Says company Executive Vice President Operations George McGraw, “Railroads across North America move more than approximately 1.7 billion tons of freight a year and need the latest technology to enhance visibility and security for shipment tracking and providing chain of custody of shipments. More crucial is that this technology is interoperable with their current investment in AEI technology and can transition to newer technology without rendering the current systems obsolete.”

Transcore says the TRU captures AEI tag data and other data “to report an accurate standing order train consist to railroad management systems. It is the key component used to implement AEI reader systems at main line rail locations in North America. The TRU records detailed information about trains, uses the information to create ‘clean consists,’ and then transmits consist reports to one or more host computer systems. A train clean consist report is a train listing in standing order, where orientation of tagged equipment is provided, location of untagged equipment is provided, and car count is accurate. The TRU accommodates and accurately filters data from normal operating procedures such as changes in speed and direction. It also incorporates intelligence to handle both single and multi-track locations.”

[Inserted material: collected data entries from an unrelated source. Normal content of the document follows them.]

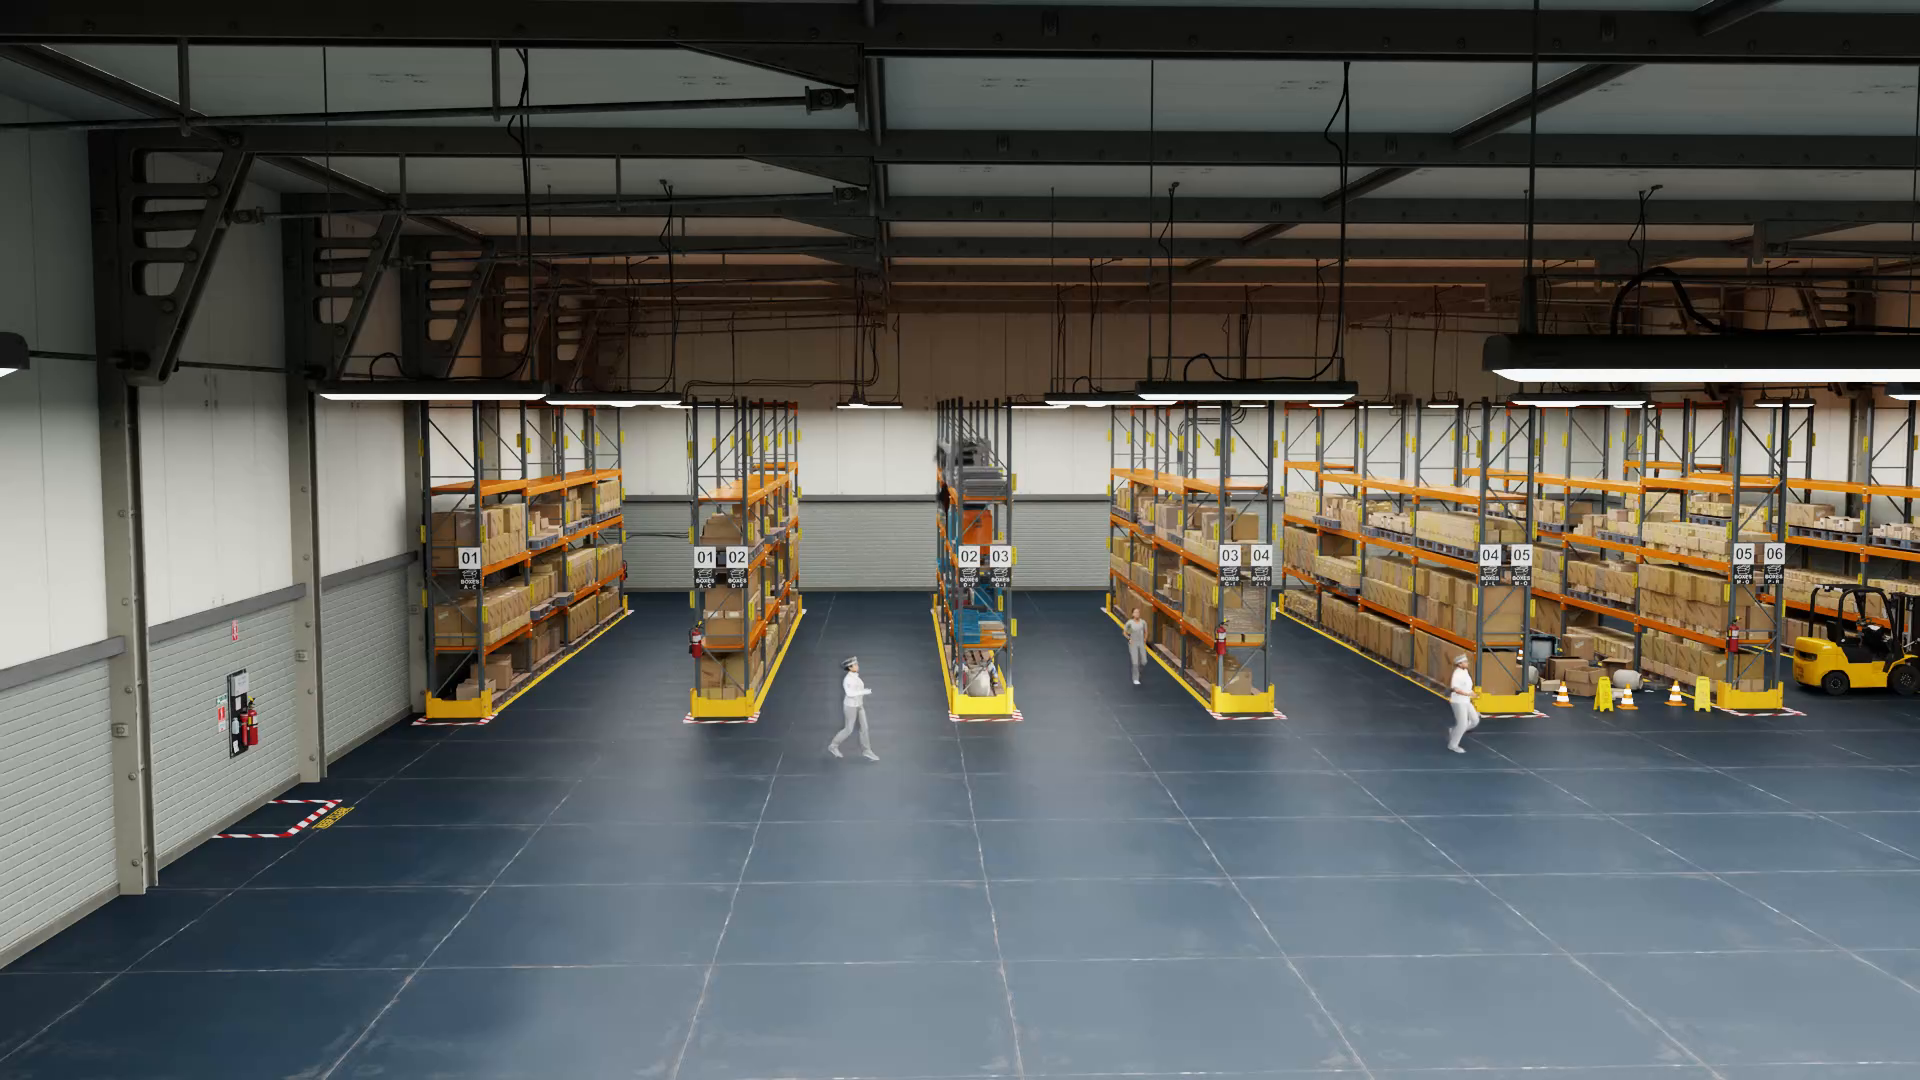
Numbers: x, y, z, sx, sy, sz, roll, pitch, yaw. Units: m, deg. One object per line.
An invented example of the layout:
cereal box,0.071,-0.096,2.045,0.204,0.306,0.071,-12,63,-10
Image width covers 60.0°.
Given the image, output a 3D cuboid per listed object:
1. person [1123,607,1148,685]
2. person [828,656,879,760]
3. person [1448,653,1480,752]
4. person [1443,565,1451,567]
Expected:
person,3.701,2.215,34.894,0.561,1.620,0.584,-1,4,-9
person,-1.749,2.750,27.219,0.854,1.713,0.605,1,5,14
person,8.480,2.730,27.948,0.528,1.671,0.624,3,5,35
person,14.647,1.063,49.210,0.683,1.802,0.681,1,4,9
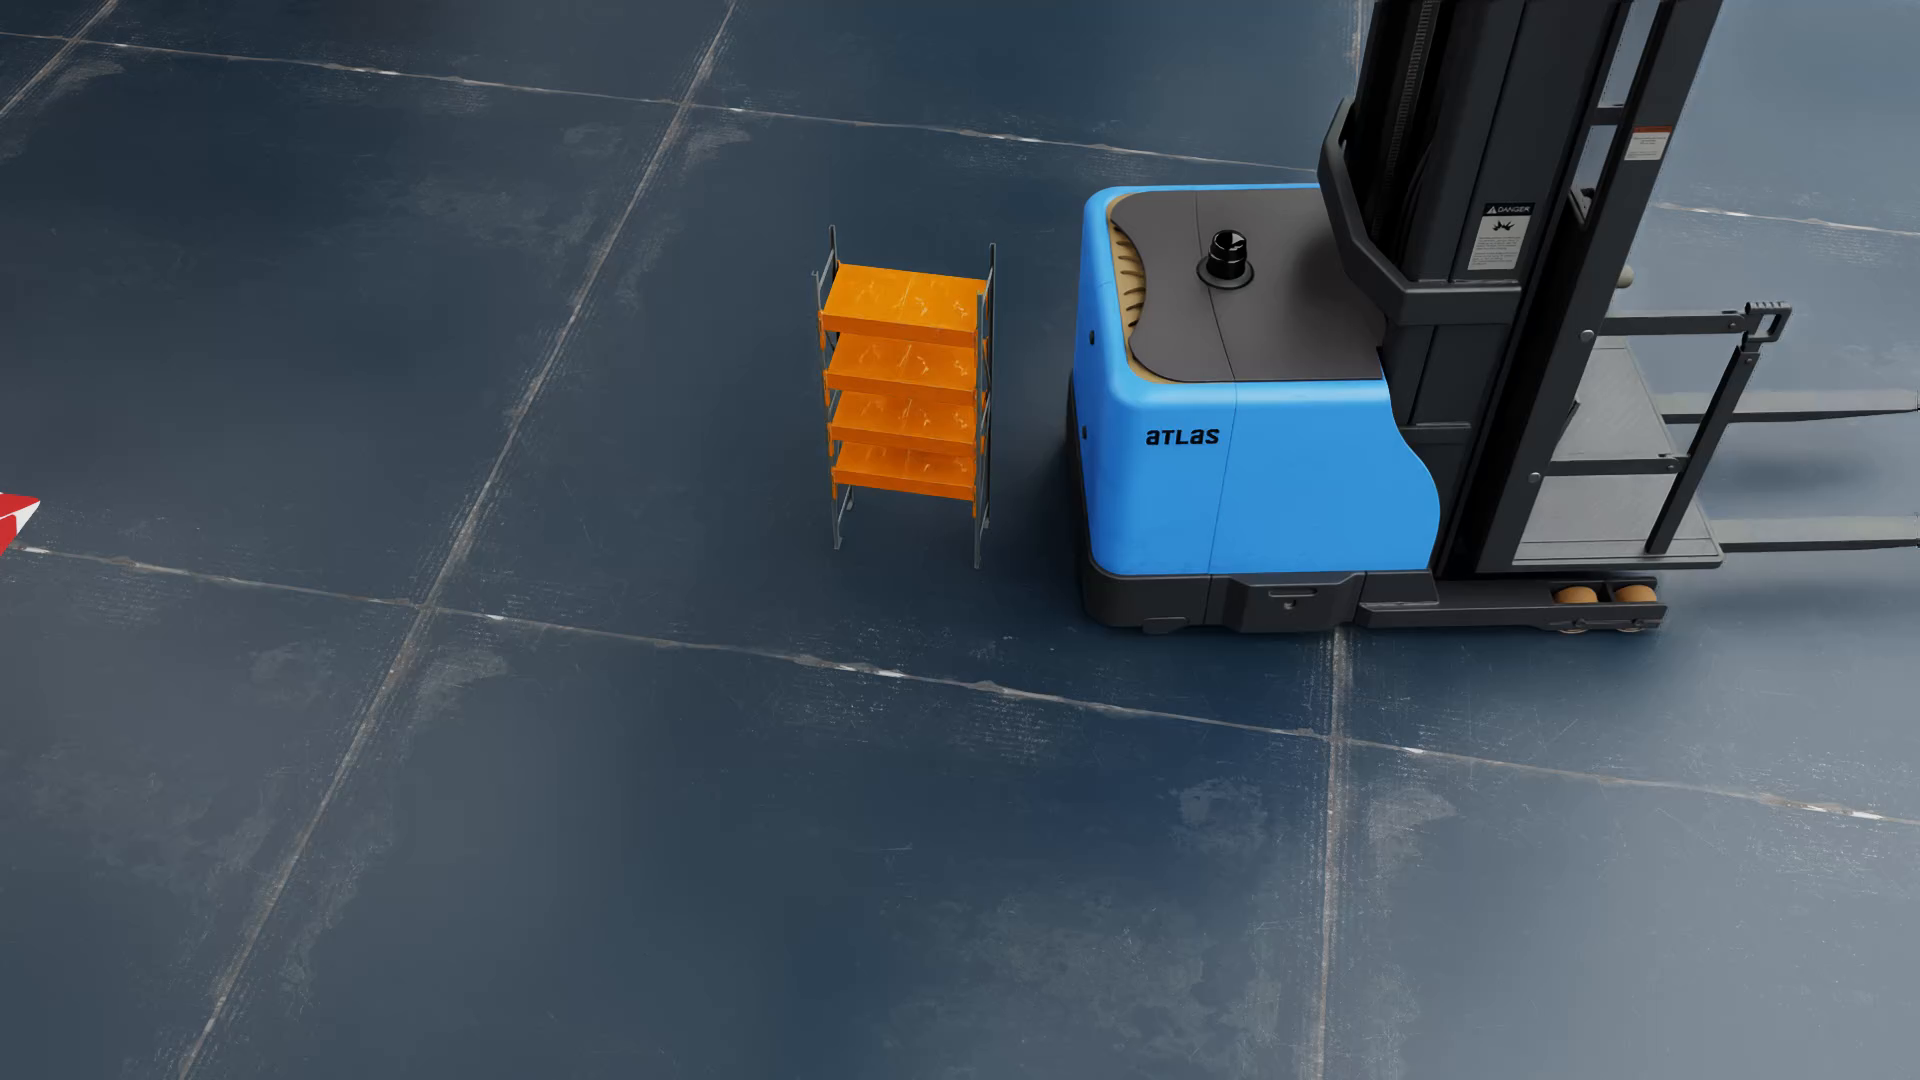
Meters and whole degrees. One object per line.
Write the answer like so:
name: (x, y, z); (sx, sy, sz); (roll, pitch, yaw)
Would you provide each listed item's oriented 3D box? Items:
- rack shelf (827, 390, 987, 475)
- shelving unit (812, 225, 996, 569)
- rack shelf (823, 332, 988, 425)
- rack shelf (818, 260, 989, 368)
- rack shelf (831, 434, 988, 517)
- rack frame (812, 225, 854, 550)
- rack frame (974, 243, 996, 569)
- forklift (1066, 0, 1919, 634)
rack shelf: (-0.163, -0.378, 5.373); (0.480, 0.148, 0.258); (8, 49, 7)
shelving unit: (-0.163, -0.423, 5.323); (0.503, 1.200, 0.258); (8, 49, 7)
rack shelf: (-0.163, -0.527, 5.207); (0.480, 0.148, 0.258); (8, 49, 7)
rack shelf: (-0.163, -0.686, 5.031); (0.480, 0.148, 0.258); (8, 49, 7)
rack shelf: (-0.163, -0.245, 5.521); (0.480, 0.148, 0.258); (8, 49, 7)
rack frame: (-0.403, -0.455, 5.352); (0.015, 1.200, 0.240); (8, 49, 7)
rack frame: (0.077, -0.391, 5.294); (0.015, 1.200, 0.240); (8, 49, 7)
forklift: (1.911, -1.068, 4.740); (3.031, 2.935, 1.130); (-1, 48, -1)
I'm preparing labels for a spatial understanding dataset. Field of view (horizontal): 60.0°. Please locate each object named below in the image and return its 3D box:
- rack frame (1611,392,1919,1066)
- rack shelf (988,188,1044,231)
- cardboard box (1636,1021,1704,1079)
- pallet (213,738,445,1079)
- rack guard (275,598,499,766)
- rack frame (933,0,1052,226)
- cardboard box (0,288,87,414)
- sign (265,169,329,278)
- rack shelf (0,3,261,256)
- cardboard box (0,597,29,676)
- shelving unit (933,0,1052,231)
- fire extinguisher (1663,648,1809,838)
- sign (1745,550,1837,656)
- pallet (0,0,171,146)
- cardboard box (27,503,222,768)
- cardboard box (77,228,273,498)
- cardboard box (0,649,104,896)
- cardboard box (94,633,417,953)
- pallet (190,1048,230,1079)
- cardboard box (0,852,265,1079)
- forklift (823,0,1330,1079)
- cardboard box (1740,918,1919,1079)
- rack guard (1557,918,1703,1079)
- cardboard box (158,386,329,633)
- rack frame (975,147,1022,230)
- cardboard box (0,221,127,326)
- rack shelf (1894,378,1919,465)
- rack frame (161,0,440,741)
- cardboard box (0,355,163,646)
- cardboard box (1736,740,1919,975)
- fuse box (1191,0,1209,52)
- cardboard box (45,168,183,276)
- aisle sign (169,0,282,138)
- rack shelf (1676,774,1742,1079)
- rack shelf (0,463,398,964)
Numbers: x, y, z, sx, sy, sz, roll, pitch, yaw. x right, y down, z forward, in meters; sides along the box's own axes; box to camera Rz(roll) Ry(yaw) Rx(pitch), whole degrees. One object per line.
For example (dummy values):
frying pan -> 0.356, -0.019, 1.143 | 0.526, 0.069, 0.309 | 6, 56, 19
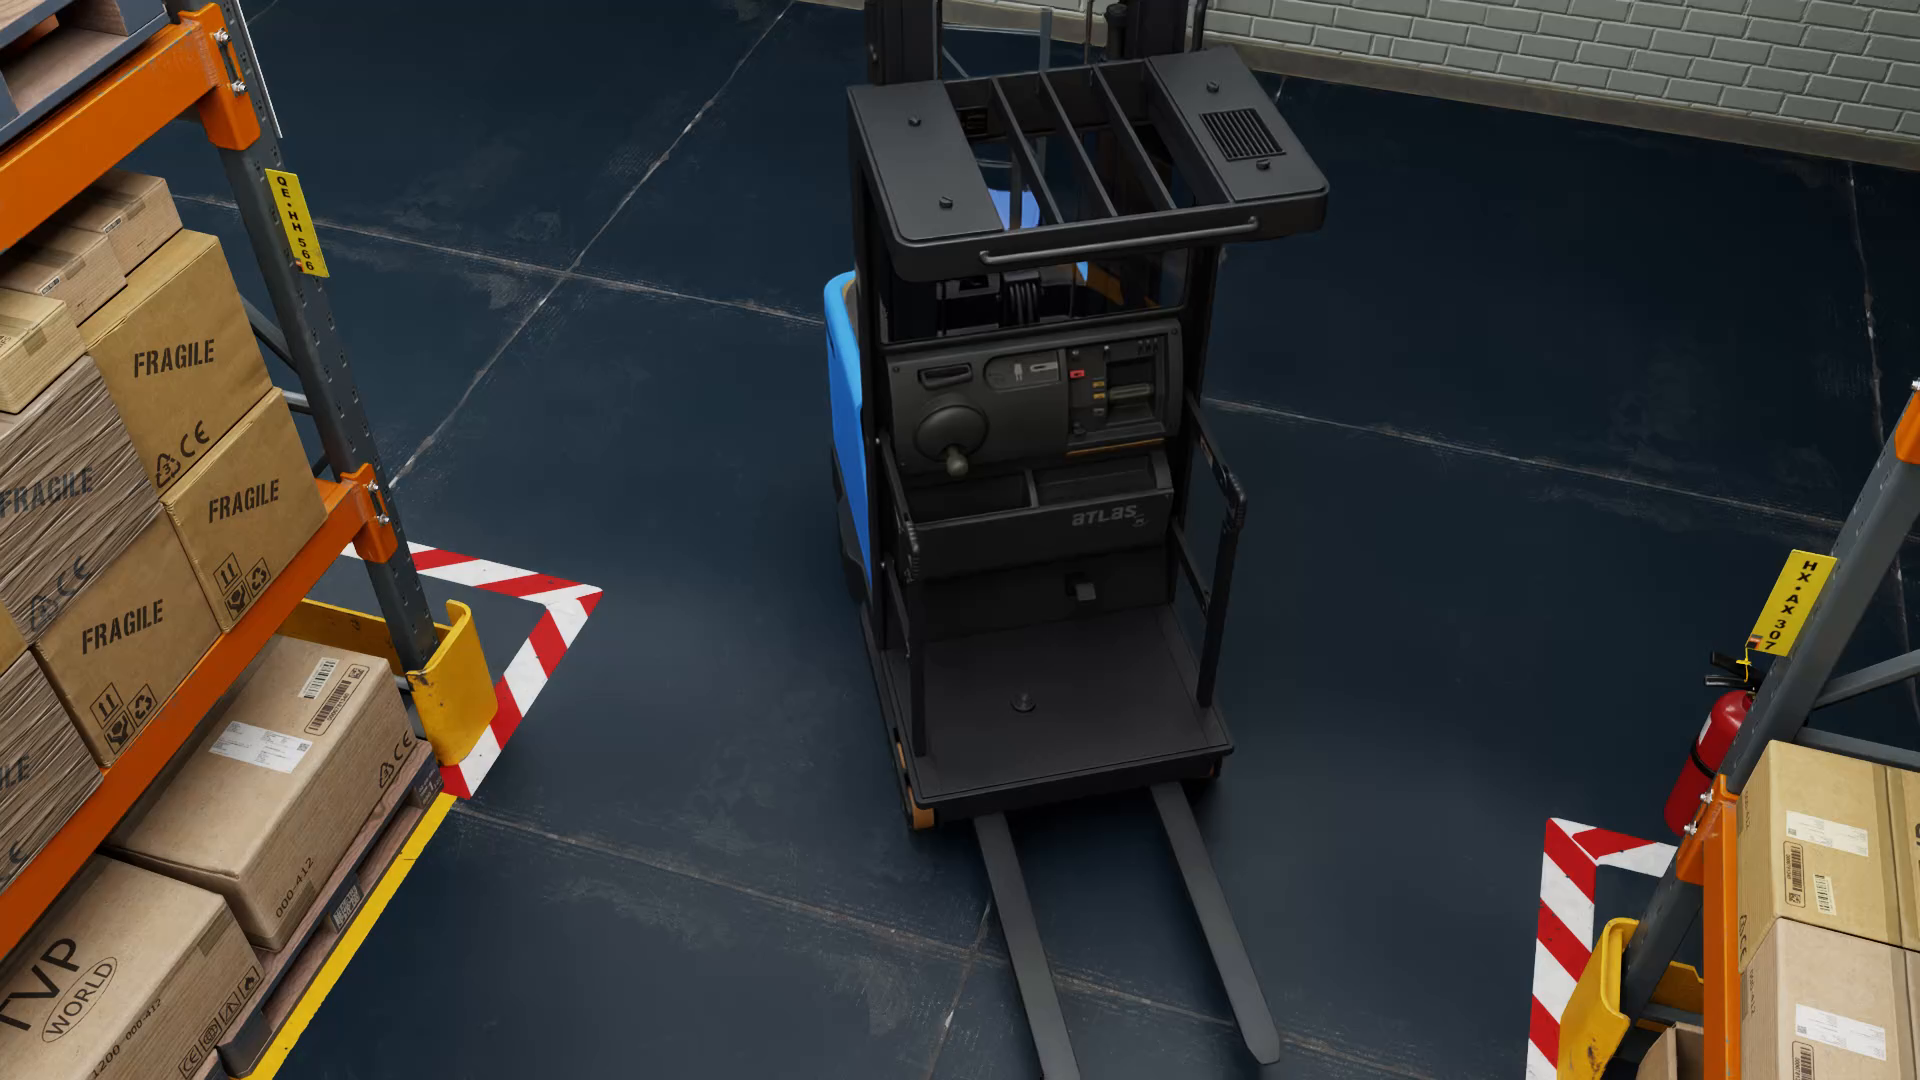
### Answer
rack frame -> 2.433, 0.573, 4.019 | 1.000, 3.000, 0.127 | 13, 46, 13
rack shelf -> 0.057, -1.184, 7.145 | 0.538, 0.185, 1.000 | 6, 45, 6
cardboard box -> 2.158, 1.703, 4.350 | 0.797, 0.503, 0.637 | 11, 45, 11
pallet -> -2.466, 1.071, 5.505 | 1.003, 0.211, 1.213 | 13, 46, 13
rack guard -> -2.291, 0.402, 5.982 | 1.175, 0.500, 0.348 | 13, 46, 13
rack frame -> 0.130, -1.665, 7.379 | 0.500, 1.500, 0.032 | 6, 45, 6
cardboard box -> -2.268, -0.455, 3.820 | 0.380, 0.149, 0.250 | 12, 46, 12
sign -> -1.785, -0.850, 4.477 | 0.100, 0.325, 0.005 | 13, 46, 13
rack shelf -> -2.904, 0.043, 2.931 | 1.077, 0.370, 4.000 | 13, 46, 13
cardboard box -> -2.501, 0.187, 3.628 | 0.500, 0.500, 0.500 | 12, 46, 12
shelving unit -> 0.057, -1.313, 7.019 | 0.538, 1.500, 1.048 | 6, 45, 6
fire extinguisher -> 2.037, 0.538, 4.377 | 0.296, 0.674, 0.183 | 13, 46, 13
sign -> 1.916, 0.149, 3.834 | 0.100, 0.325, 0.005 | 13, 46, 13
pallet -> -2.513, -1.019, 3.566 | 1.003, 0.211, 1.213 | 13, 46, 13
cardboard box -> -2.359, 0.198, 4.332 | 0.500, 0.500, 0.500 | 12, 46, 12
cardboard box -> -2.217, -0.497, 4.327 | 0.500, 0.500, 0.500 | 14, 46, 14
cardboard box -> -2.505, 0.543, 3.979 | 0.500, 0.500, 0.500 | 14, 46, 14
cardboard box -> -2.403, 0.751, 5.369 | 0.875, 0.438, 0.875 | 11, 45, 11
pallet -> -2.837, 1.881, 4.677 | 1.003, 0.211, 1.213 | 13, 46, 12
cardboard box -> -2.672, 1.363, 4.744 | 0.875, 0.438, 0.875 | 14, 46, 14
forklift -> 0.289, -0.346, 5.007 | 1.130, 2.935, 3.031 | -9, 45, -9
cardboard box -> 1.887, 1.102, 3.374 | 0.500, 0.250, 0.500 | 13, 46, 13
rack guard -> 2.410, 1.517, 4.842 | 1.175, 0.500, 0.348 | 13, 46, 13
cardboard box -> -2.192, -0.134, 4.670 | 0.500, 0.500, 0.500 | 13, 46, 13
rack frame -> -0.016, -0.961, 6.660 | 0.500, 1.500, 0.032 | 6, 45, 6
cardboard box -> -2.270, -0.645, 4.014 | 0.380, 0.149, 0.250 | 13, 46, 13
rack shelf -> 1.828, 1.091, 1.860 | 1.077, 0.370, 4.000 | 13, 46, 13
rack frame -> -2.298, -0.476, 5.091 | 1.000, 3.000, 0.127 | 13, 46, 13
cardboard box -> -2.348, -0.142, 3.964 | 0.500, 0.500, 0.500 | 13, 46, 13
cardboard box -> 2.039, 0.766, 3.717 | 0.500, 0.250, 0.500 | 13, 46, 13
fuse box -> 1.345, -3.236, 8.834 | 0.539, 1.711, 0.414 | 13, 46, 13
cardboard box -> -2.216, -0.819, 4.192 | 0.380, 0.149, 0.250 | 13, 46, 13
aisle sign -> -1.981, -1.387, 4.164 | 0.394, 0.787, 0.004 | 13, 46, 13
rack shelf -> 1.828, 2.164, 2.909 | 1.077, 0.370, 4.000 | 13, 46, 13
rack shelf -> -2.904, 1.115, 3.981 | 1.077, 0.370, 4.000 | 13, 46, 13

TransCore's Multiprotocol Rail Reader (MPRR) interfaces directly to the TRU wayside AEI controller “to provide a complete railroad AEI reader system to the North American railroads,” Transcore says. ”MPRRsd are quickly and easily installed, tested, and maintained by TransCore personnel. The MPRR is a fully integrated, self-contained 902 to 928 MHz wireless RFID reader that is specifically designed for rail applications. It is a replacement for TransCore’s AI1200 Reader/AR2200 RF module systems, and can read current AAR format and the new SeGo protocol tags. The MPRR provides flexibility by offering a real-time clock; expanded tag read buffering; programmable RF output power; programmable frequency range from 860.00 to 930.00 MHz in 250-kHz programmable frequency steps; and system integrity checking. It employs advanced multiplexing techniques that improve reader performance at higher train speeds when compared to legacy products. In addition, this unique multiplexing mode provides the capability for one reader to manage up to four antennas.”

New features of the Train Recording Unit include the ability to update tags remotely without taking railcars out of service and to replace obsolete and unreliable systems that are no longer manufactured or supported. The technology is said to be more cost-effective, as a single TRU controller can handle train processing on two tracks vs. just one. The TRU is the first to comply with AAR Recommended Practice RP-9203, for improved train reporting accuracy in both single and multi-track environments. It offers accurate handling of high value, specialty cars, is easily updated with new car profiles for accurate standing order train consists, and provides S918A train and maintenance reporting. It offers reduced maintenance costs through automated integrated self diagnostics, automated maintenance reporting, and extensive remote access and support features. The TRU is a networkable device that allows existing sites to be easily upgraded to use today’s network IP communications strategies. Built rugged for high reliability in the rail environment, it complies with AREMA 11.5.1 Class C environmental specifications.